The interests and needs of those who will inherit this planet are being systematically compromised by the short-term nature of decision-making and policy. A High-level Representative for Sustainable Development and Future Generations will be tasked with helping government to bring sustainable development, often separate from core policy issues, into the heart of all decision-making.

Rhoda Robinson youth activist from Nigeria said “The removal of this text effectively relegates youth and future generations to the side-lines to watch – not participate – in deciding on our future.

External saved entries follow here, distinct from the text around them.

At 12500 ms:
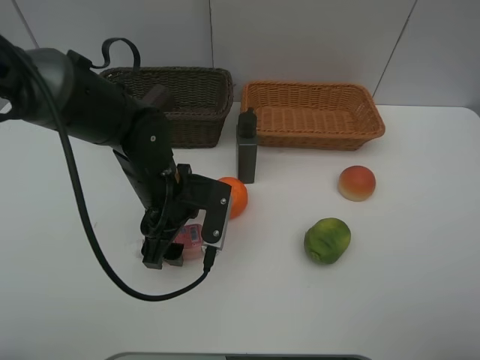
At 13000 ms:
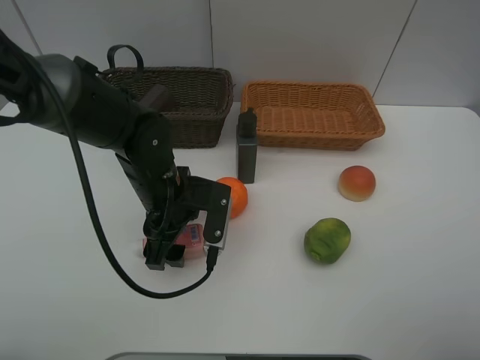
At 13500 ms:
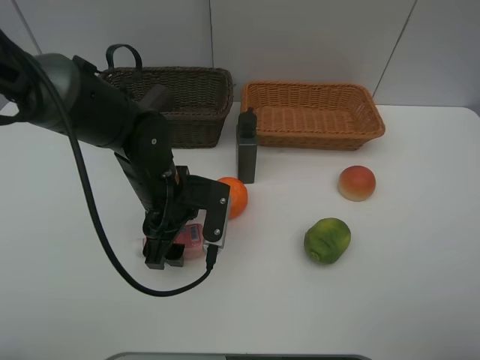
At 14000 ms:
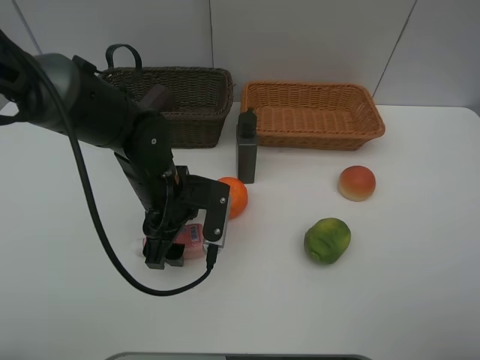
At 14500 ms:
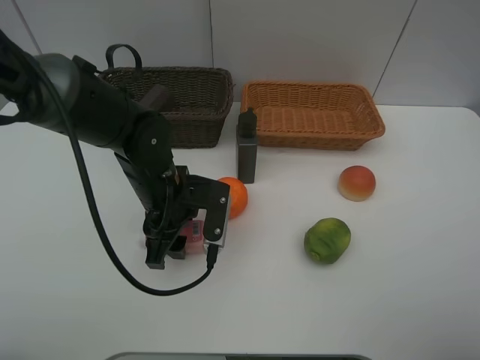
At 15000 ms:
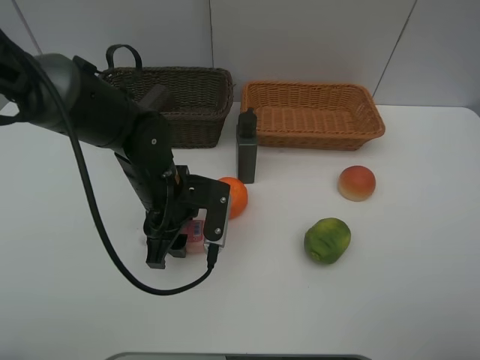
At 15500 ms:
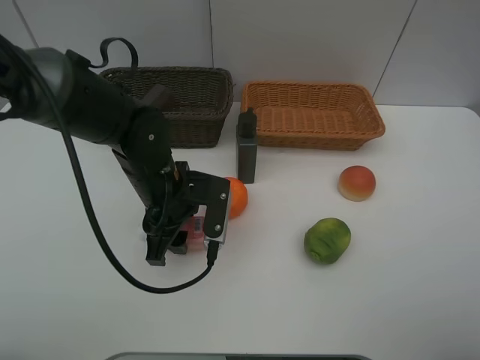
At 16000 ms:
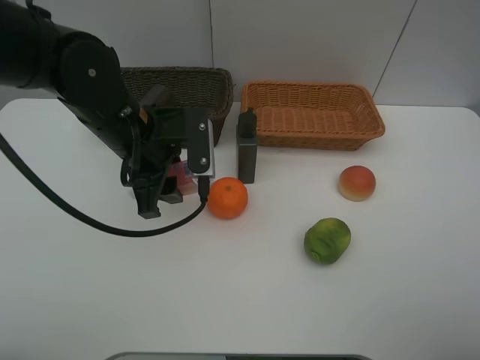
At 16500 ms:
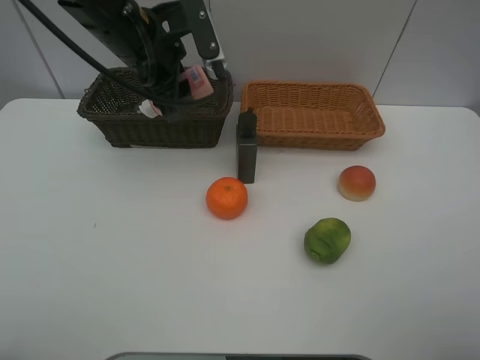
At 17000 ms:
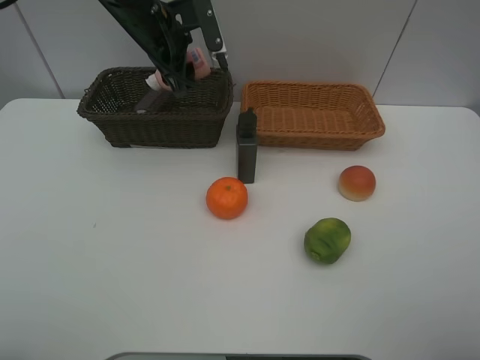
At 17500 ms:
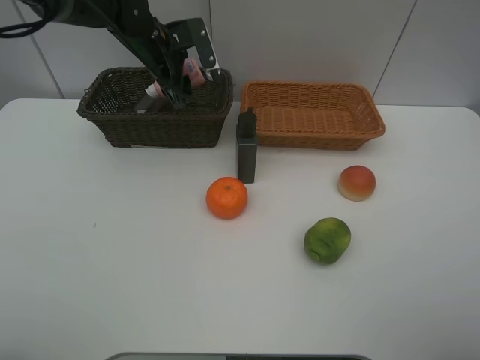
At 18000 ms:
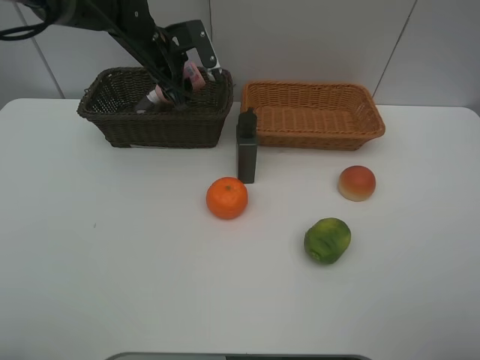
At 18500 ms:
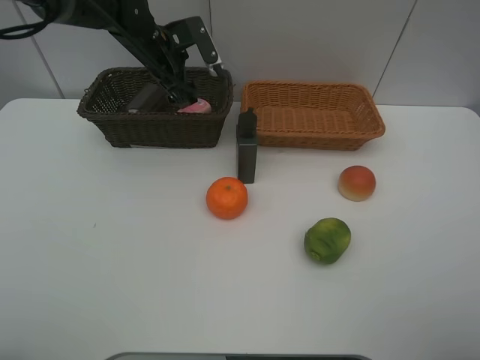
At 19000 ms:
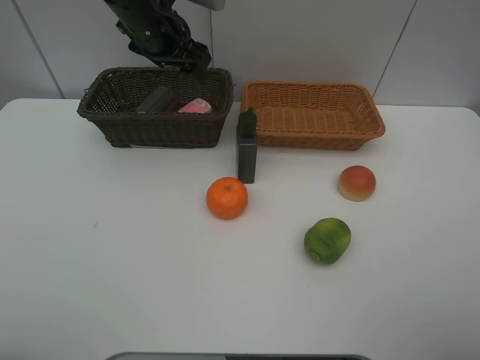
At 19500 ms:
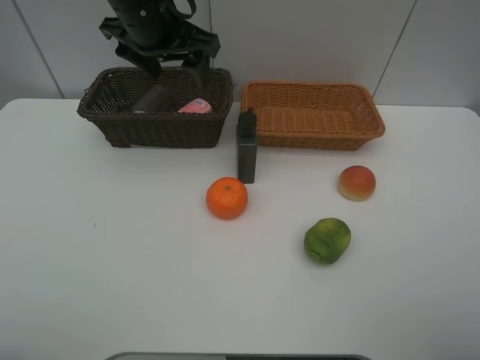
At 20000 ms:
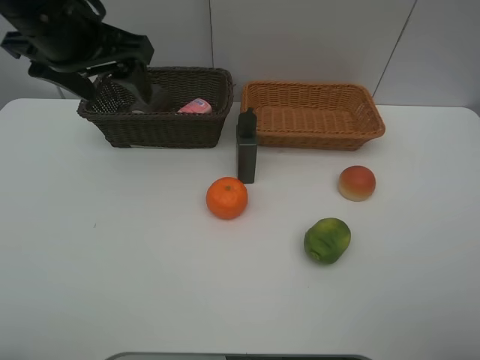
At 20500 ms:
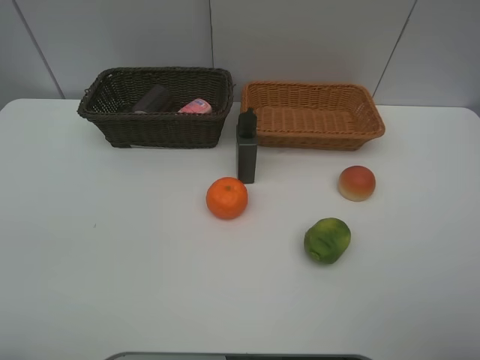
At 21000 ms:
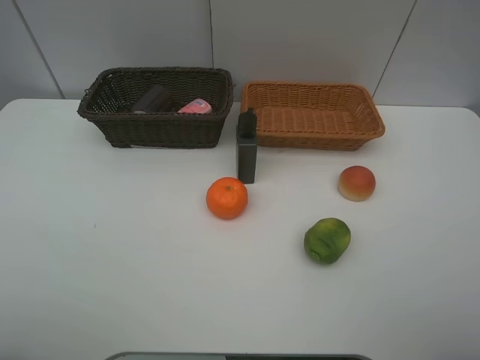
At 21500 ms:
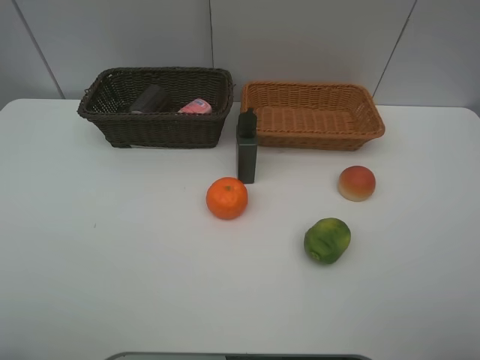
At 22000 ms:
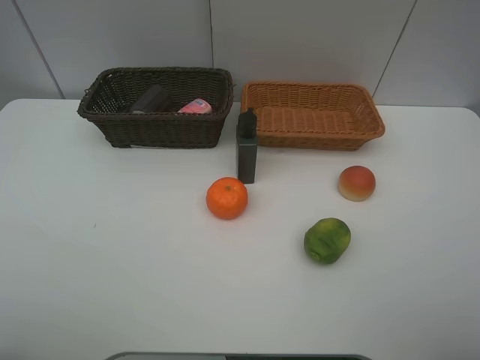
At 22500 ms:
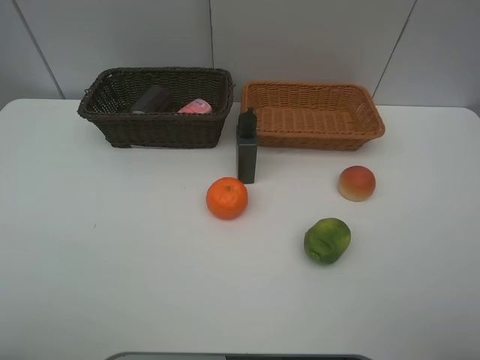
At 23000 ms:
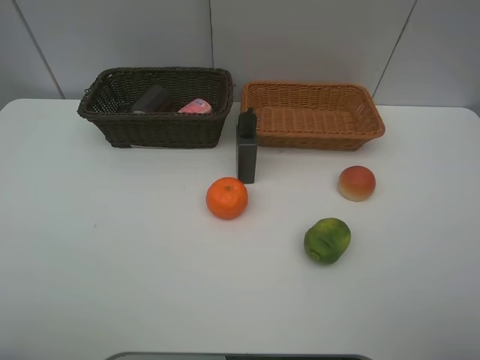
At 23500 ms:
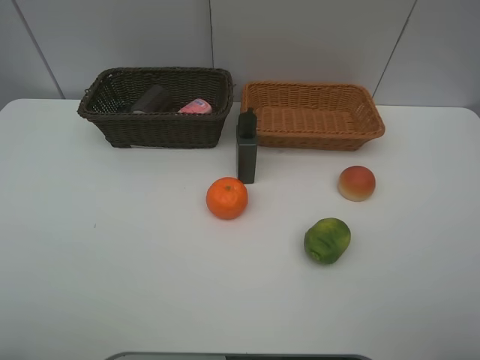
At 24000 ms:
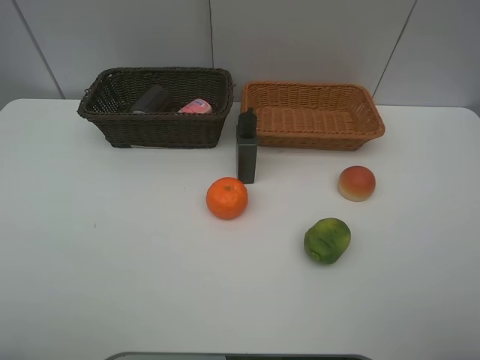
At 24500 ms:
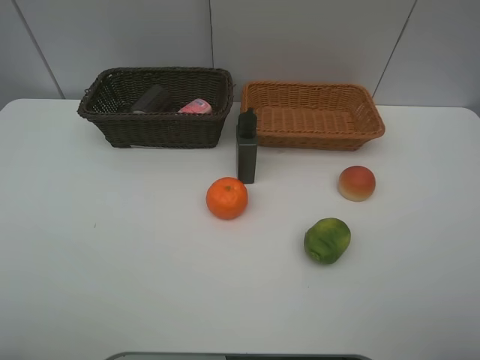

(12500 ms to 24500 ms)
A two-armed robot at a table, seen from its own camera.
Task of the whole recording: place multiple objects separately in different baskets.
12500 ms - 14500 ms: The left gripper closes its fingers.
14500 ms - 16500 ms: The left gripper moves upward and forward, approximately 20 cm.
16500 ms - 18500 ms: The left gripper is displaced forward and downward by about 15 cm, and opens up.
18500 ms - 20500 ms: The left gripper goes roughly 35 cm backward, upward and to the left.

This may not look like it something of concern to a young person in Africa but we cannot continue to have no representation, no say and no access to decisions that affect us.”

“This is a one-time opportunity to influence the outcome text in a clear and radical way and make sure that Rio+20 goes beyond just copying the language of previous agreements” says Mathieu Soete, President of the Environmental Working Group, AEGEE / European Students’ Forum.

The High-level Representative would work in close cooperation with civil society to represent their concerns and to further their participation at the United Nations. This efficient and innovative solution would ensure a more integrated approach to sustainable development – one of the key objectives of the Rio+20 Conference – and embed long-termism into our political thinking.

Kate Offerdahl from Columbia University says, “Young people are demanding that this language be reinserted into the negotiating text and that a High-level Representative for Sustainable Development and Future Generations be an enduring accomplishment of the Rio+20 Conference”.

In addition to the representation of future generations and young people in the form of a High-Level Representative, wider youth participation throughout the process of developing the Sustainable Development Goals (SDGs), inclusion of youth delegates in all member state delegations, and meaningful and effective youth participation across UN sustainable development forums are all key to making sure the interests of youth are represented and their voices are heard.

Laurence Dambuki. African Union Youth delegate said, “Developing countries are particularly concerned about improving means of implementation to ensure the effectiveness of the interventions and to invest financial and human resources efficiently. This proposal would be instrumental in addressing current implementation gaps by helping governments and UN bodies work together on long-term planning and the sharing of best practice.”